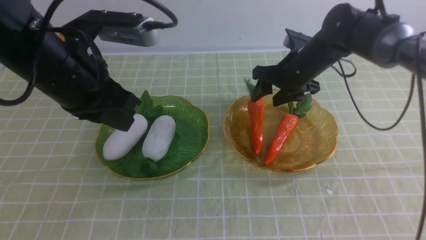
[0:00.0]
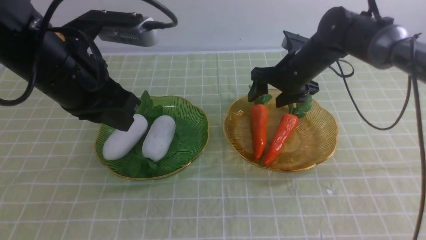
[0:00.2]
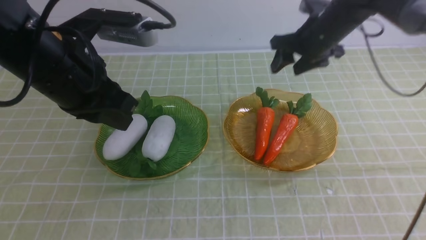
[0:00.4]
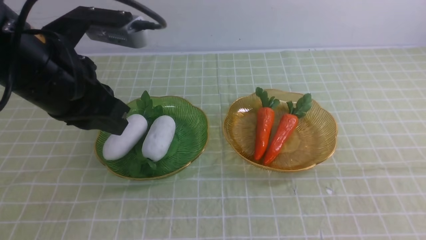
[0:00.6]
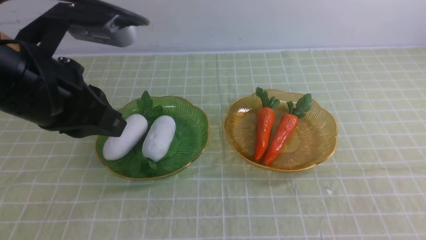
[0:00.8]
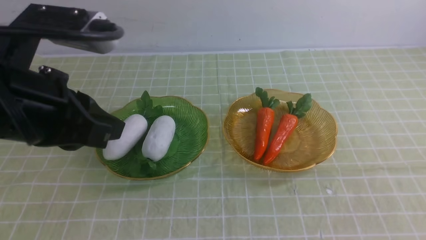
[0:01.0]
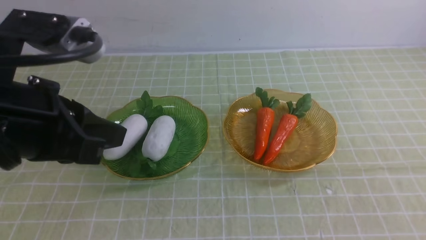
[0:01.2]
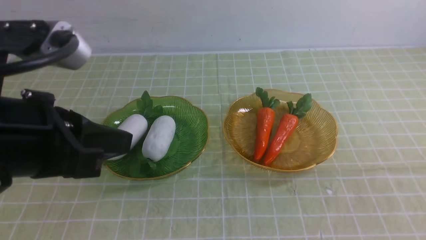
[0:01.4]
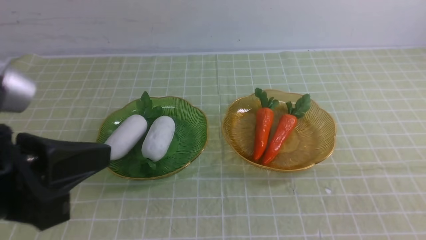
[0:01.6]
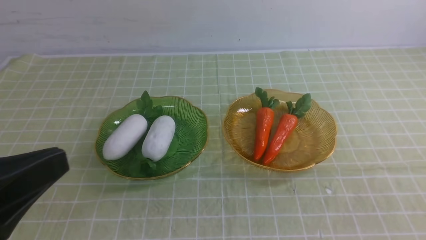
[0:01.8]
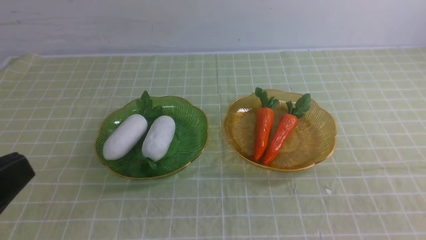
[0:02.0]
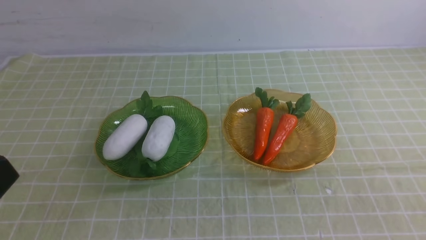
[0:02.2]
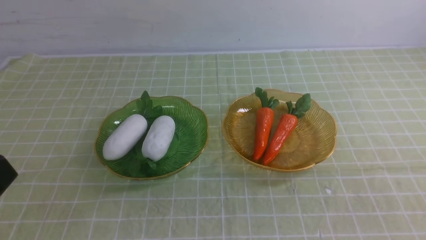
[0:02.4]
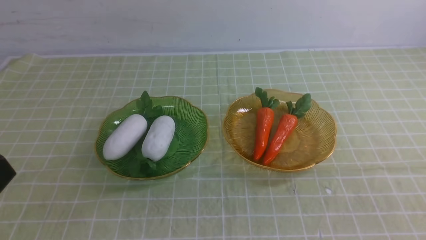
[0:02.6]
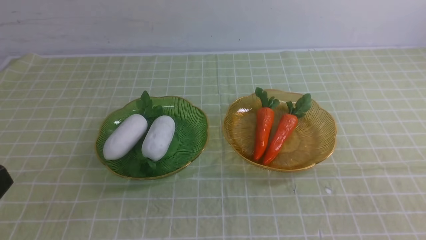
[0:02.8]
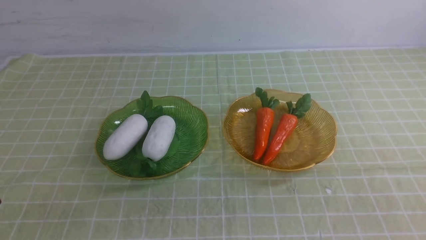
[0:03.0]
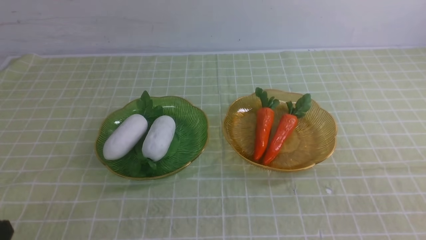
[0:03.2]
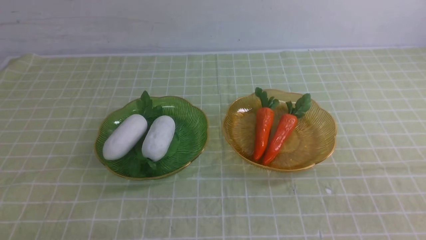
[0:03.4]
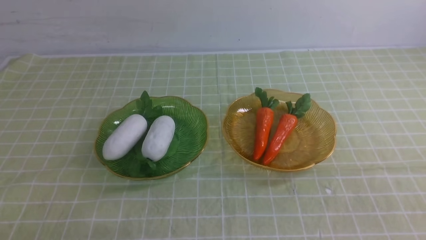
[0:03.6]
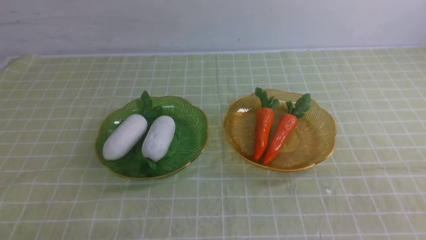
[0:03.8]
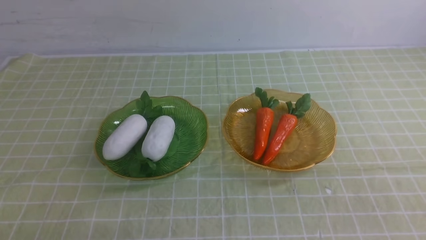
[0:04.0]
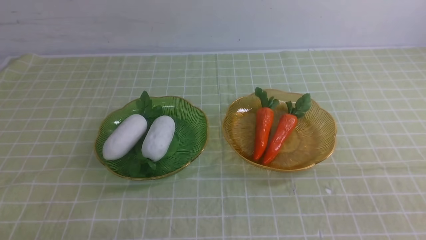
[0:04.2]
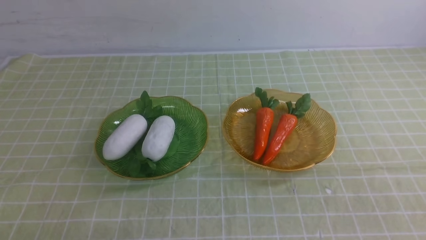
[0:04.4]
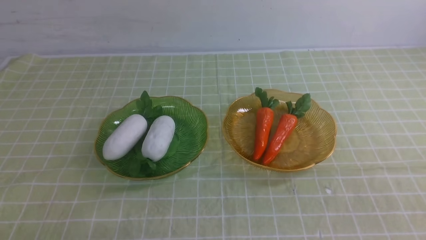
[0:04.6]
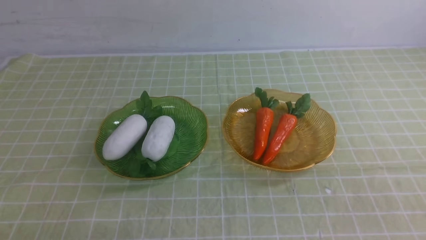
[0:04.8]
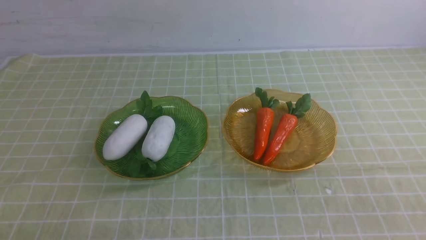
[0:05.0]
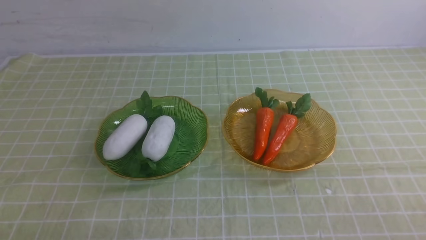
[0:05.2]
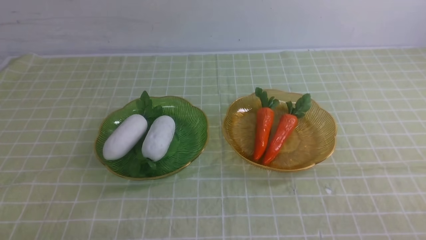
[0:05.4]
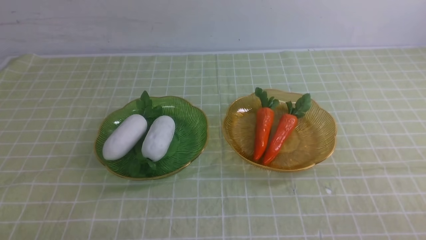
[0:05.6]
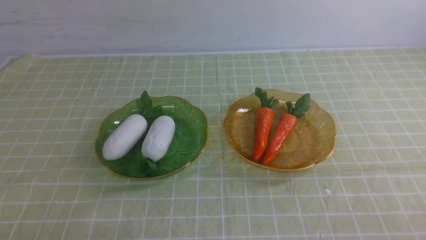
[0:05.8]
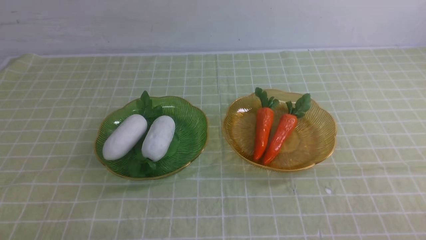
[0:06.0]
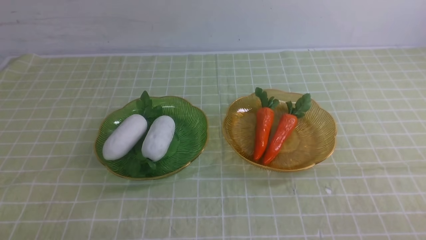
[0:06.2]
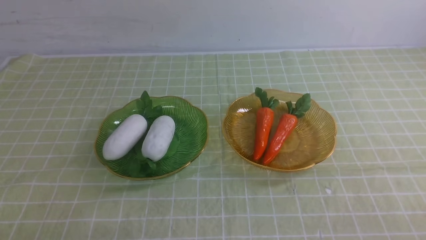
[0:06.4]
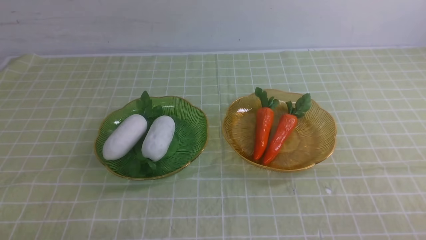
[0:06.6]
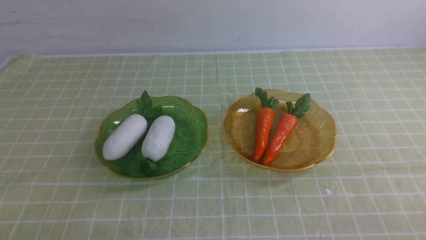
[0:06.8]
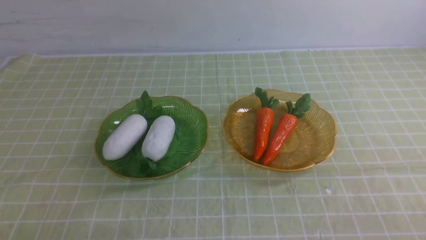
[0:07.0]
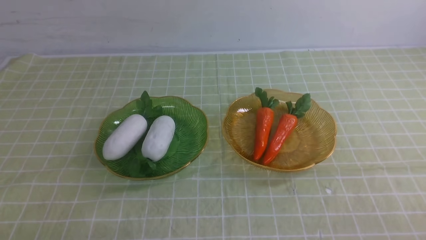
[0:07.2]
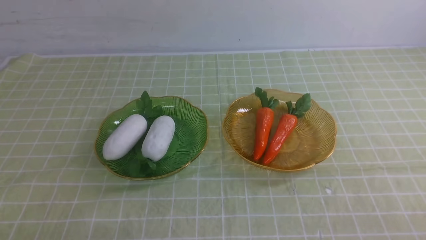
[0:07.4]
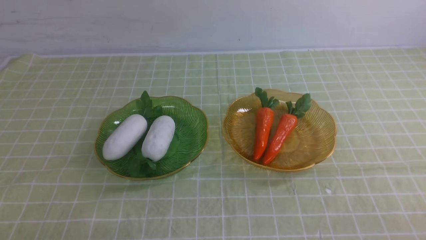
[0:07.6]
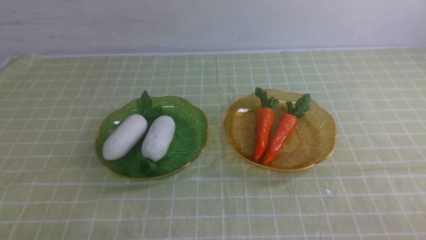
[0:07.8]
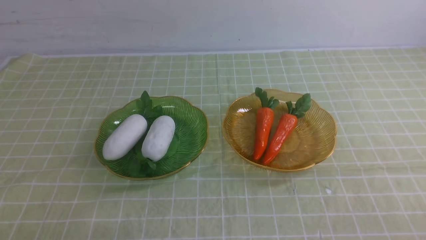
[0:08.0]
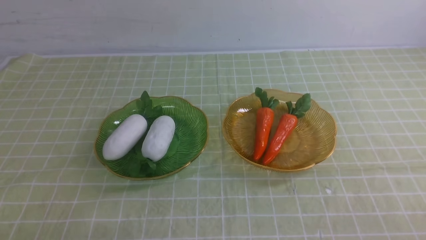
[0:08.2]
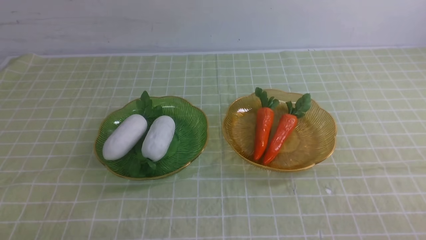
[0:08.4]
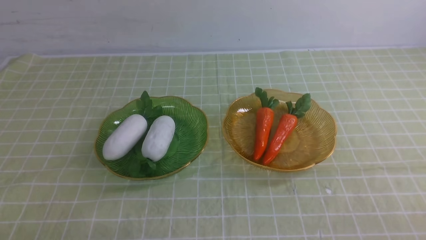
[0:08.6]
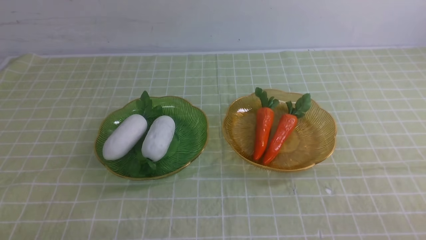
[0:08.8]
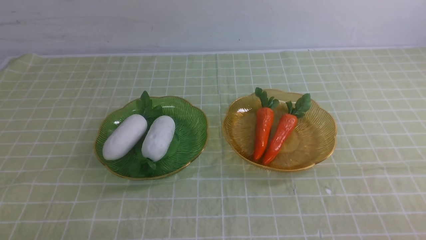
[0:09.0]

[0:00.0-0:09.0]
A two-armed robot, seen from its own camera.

**What is expected**:
The output is to be the material in full and unaltered, with pictures omitted.

**Solution to this exercise**:
[0:00.0]
[0:00.2]
[0:00.4]
[0:00.6]
[0:00.8]
[0:01.0]
[0:01.2]
[0:01.4]
[0:01.6]
[0:01.8]
[0:02.0]
[0:02.2]
[0:02.4]
[0:02.6]
[0:02.8]
[0:03.0]
[0:03.2]
[0:03.4]
[0:03.6]
[0:03.8]
[0:04.0]
[0:04.2]
[0:04.4]
[0:04.6]
[0:04.8]
[0:05.0]
[0:05.2]
[0:05.4]
[0:05.6]
[0:05.8]
[0:06.0]
[0:06.2]
[0:06.4]
[0:06.6]
[0:06.8]
[0:07.0]
[0:07.2]
[0:07.4]
[0:07.6]
[0:07.8]
[0:08.0]
[0:08.2]
[0:08.4]
[0:08.6]
[0:08.8]
[0:09.0]

[0:00.0-0:09.0]
A two-armed robot, seen from its own camera.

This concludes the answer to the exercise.